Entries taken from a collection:
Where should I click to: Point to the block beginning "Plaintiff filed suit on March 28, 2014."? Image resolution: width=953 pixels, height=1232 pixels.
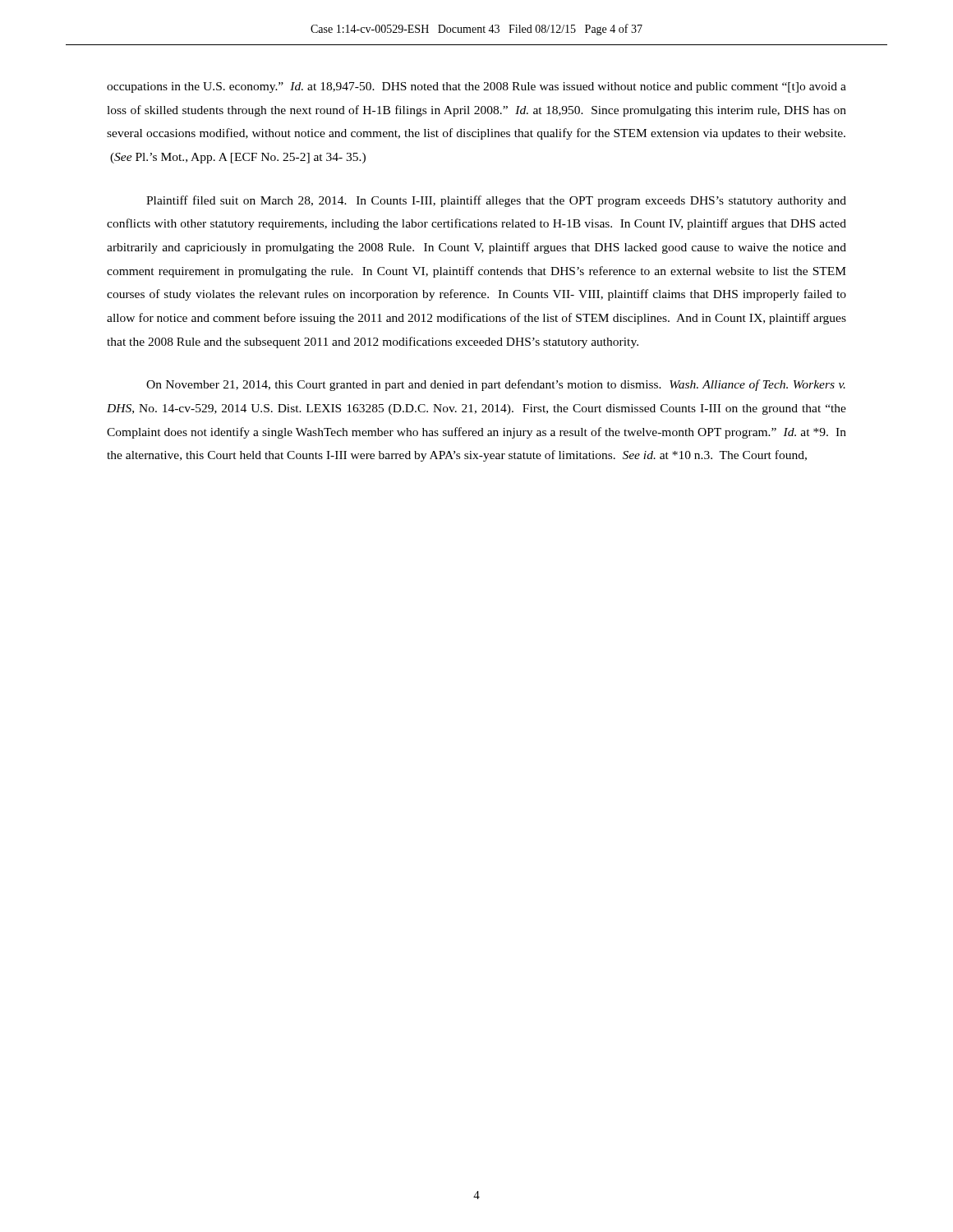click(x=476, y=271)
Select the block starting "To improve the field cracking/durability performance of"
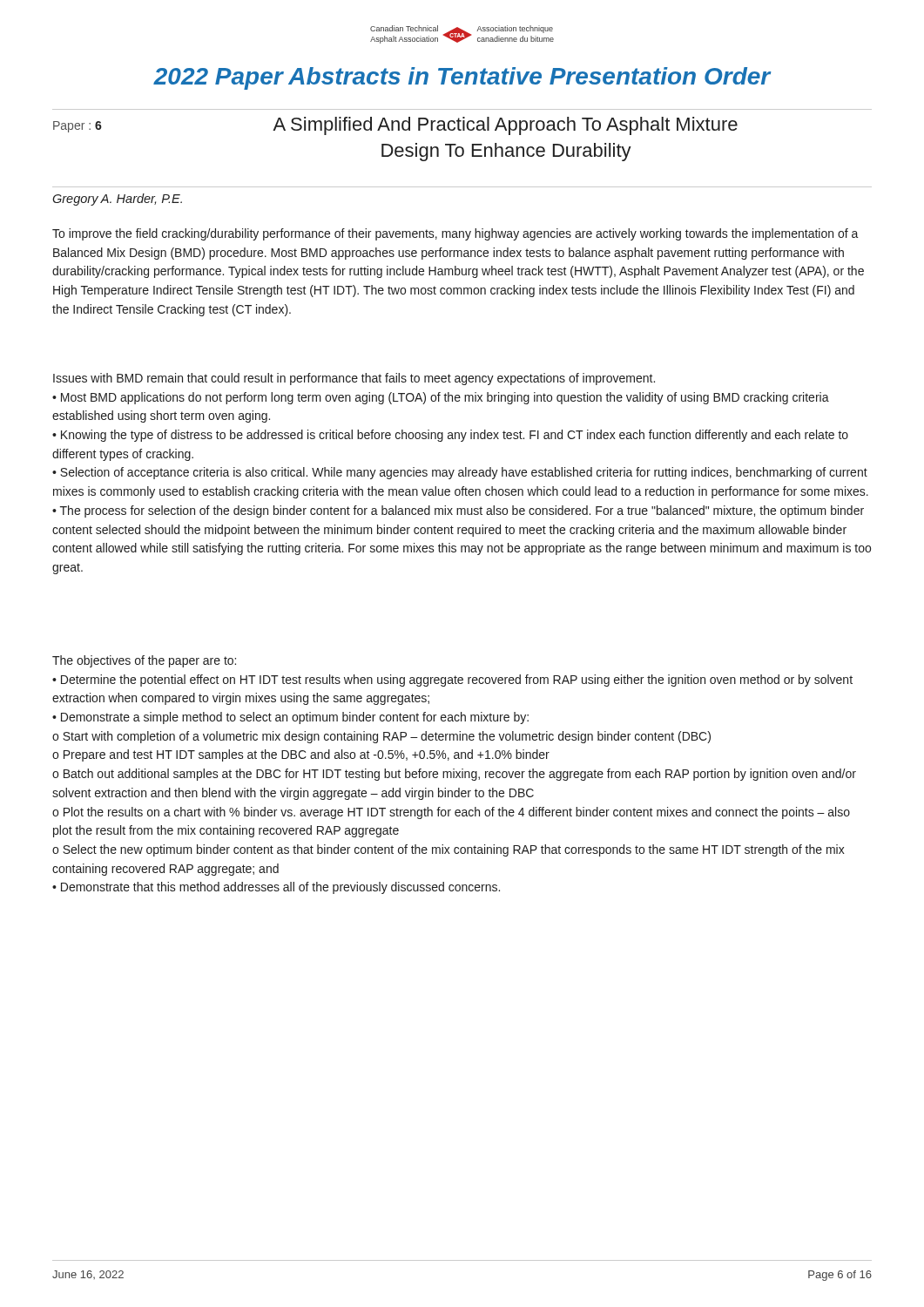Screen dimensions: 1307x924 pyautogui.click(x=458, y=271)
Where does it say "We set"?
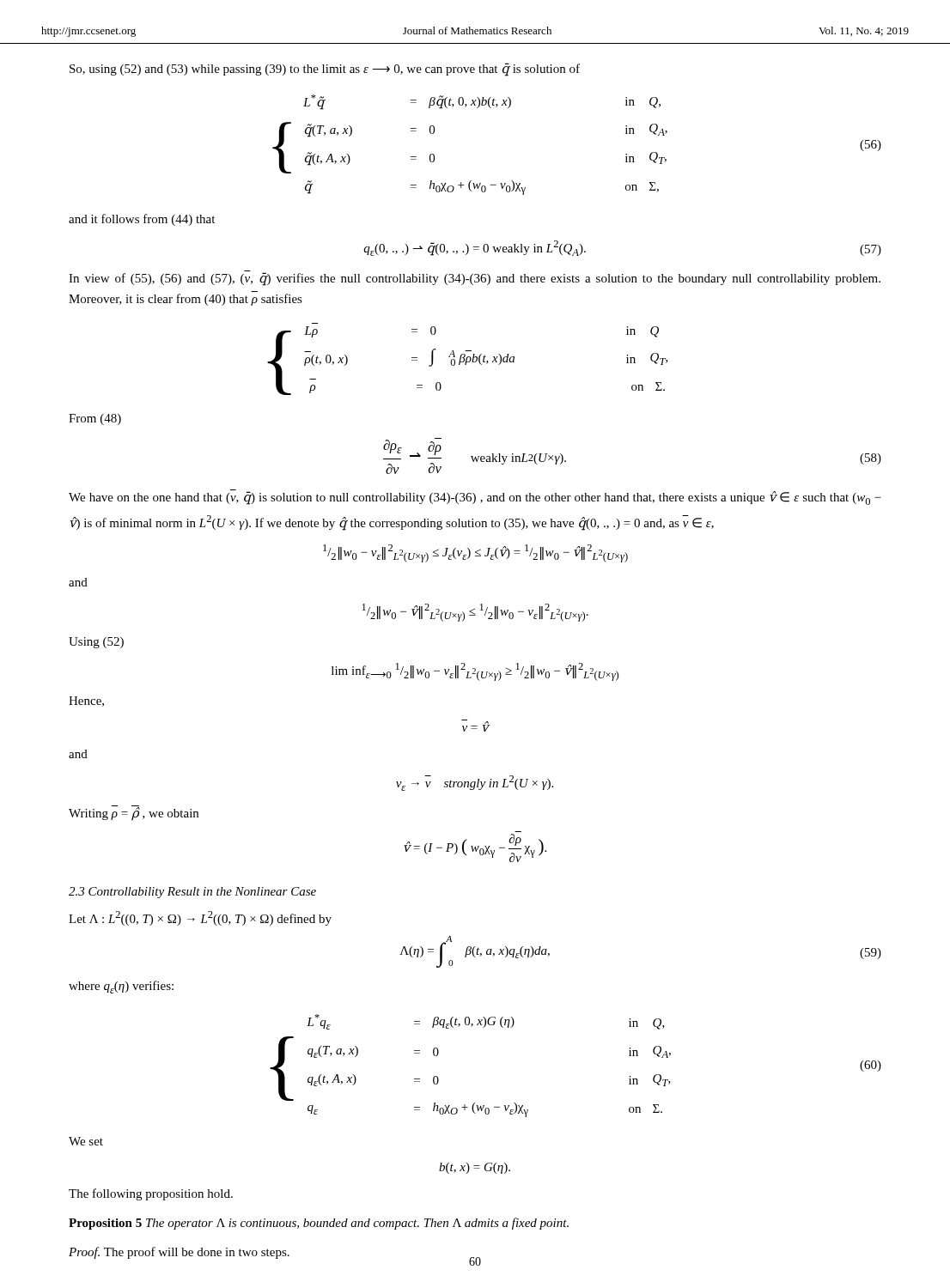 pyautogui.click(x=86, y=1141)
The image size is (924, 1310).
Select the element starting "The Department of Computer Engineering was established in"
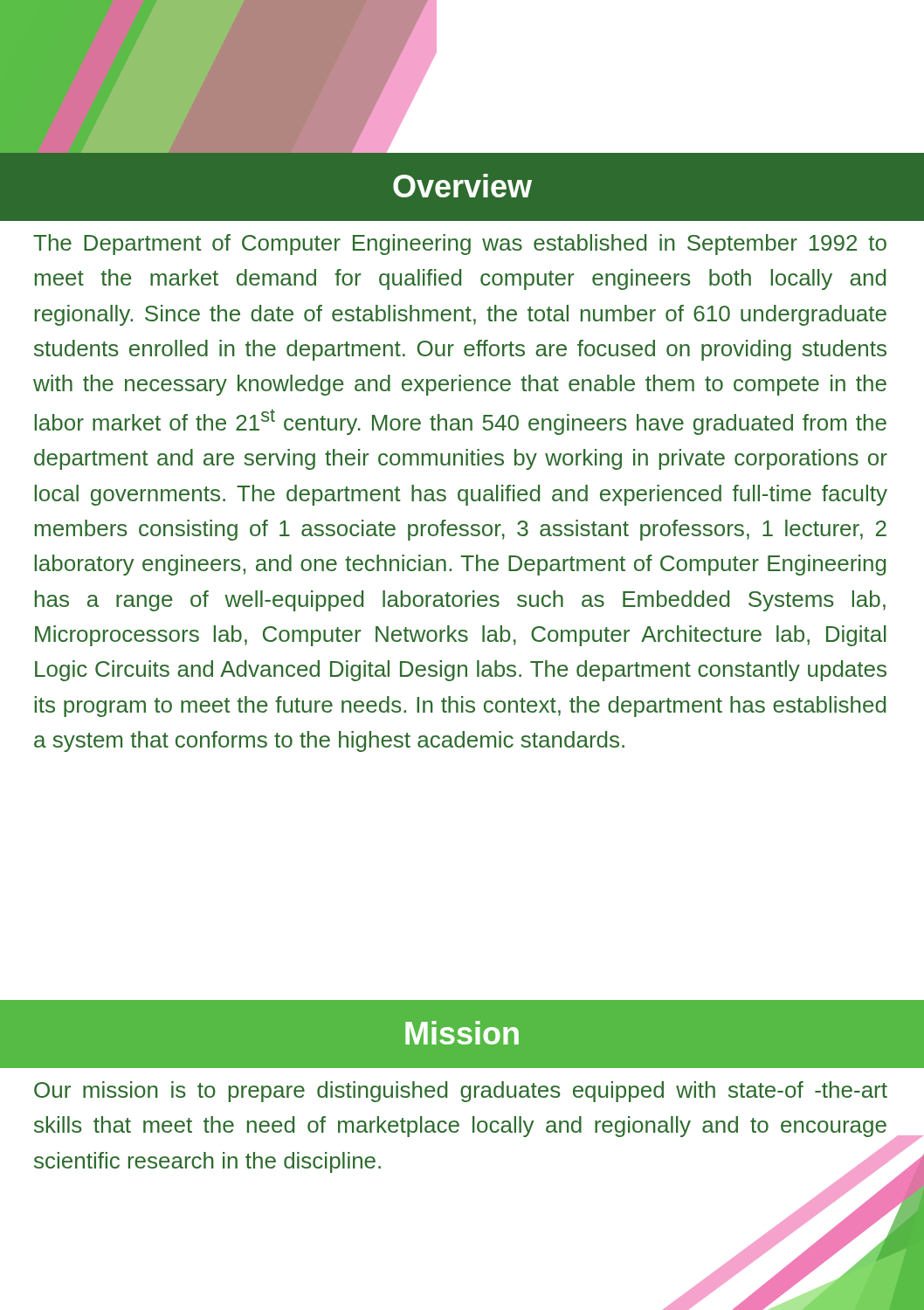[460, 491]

Exercise requirements:
Could you transcribe every entry exactly, leaving out the pictures?

Response area:
Where should I click to: Point to the block beginning "Plaintiff filed suit on March 28, 2014."? Image resolution: width=953 pixels, height=1232 pixels.
click(x=476, y=271)
Select the block starting "To improve the field cracking/durability performance of"
Screen dimensions: 1307x924 pyautogui.click(x=458, y=271)
Where does it say "We set"?
 pyautogui.click(x=86, y=1141)
The image size is (924, 1310).
Select the element starting "The Department of Computer Engineering was established in"
[460, 491]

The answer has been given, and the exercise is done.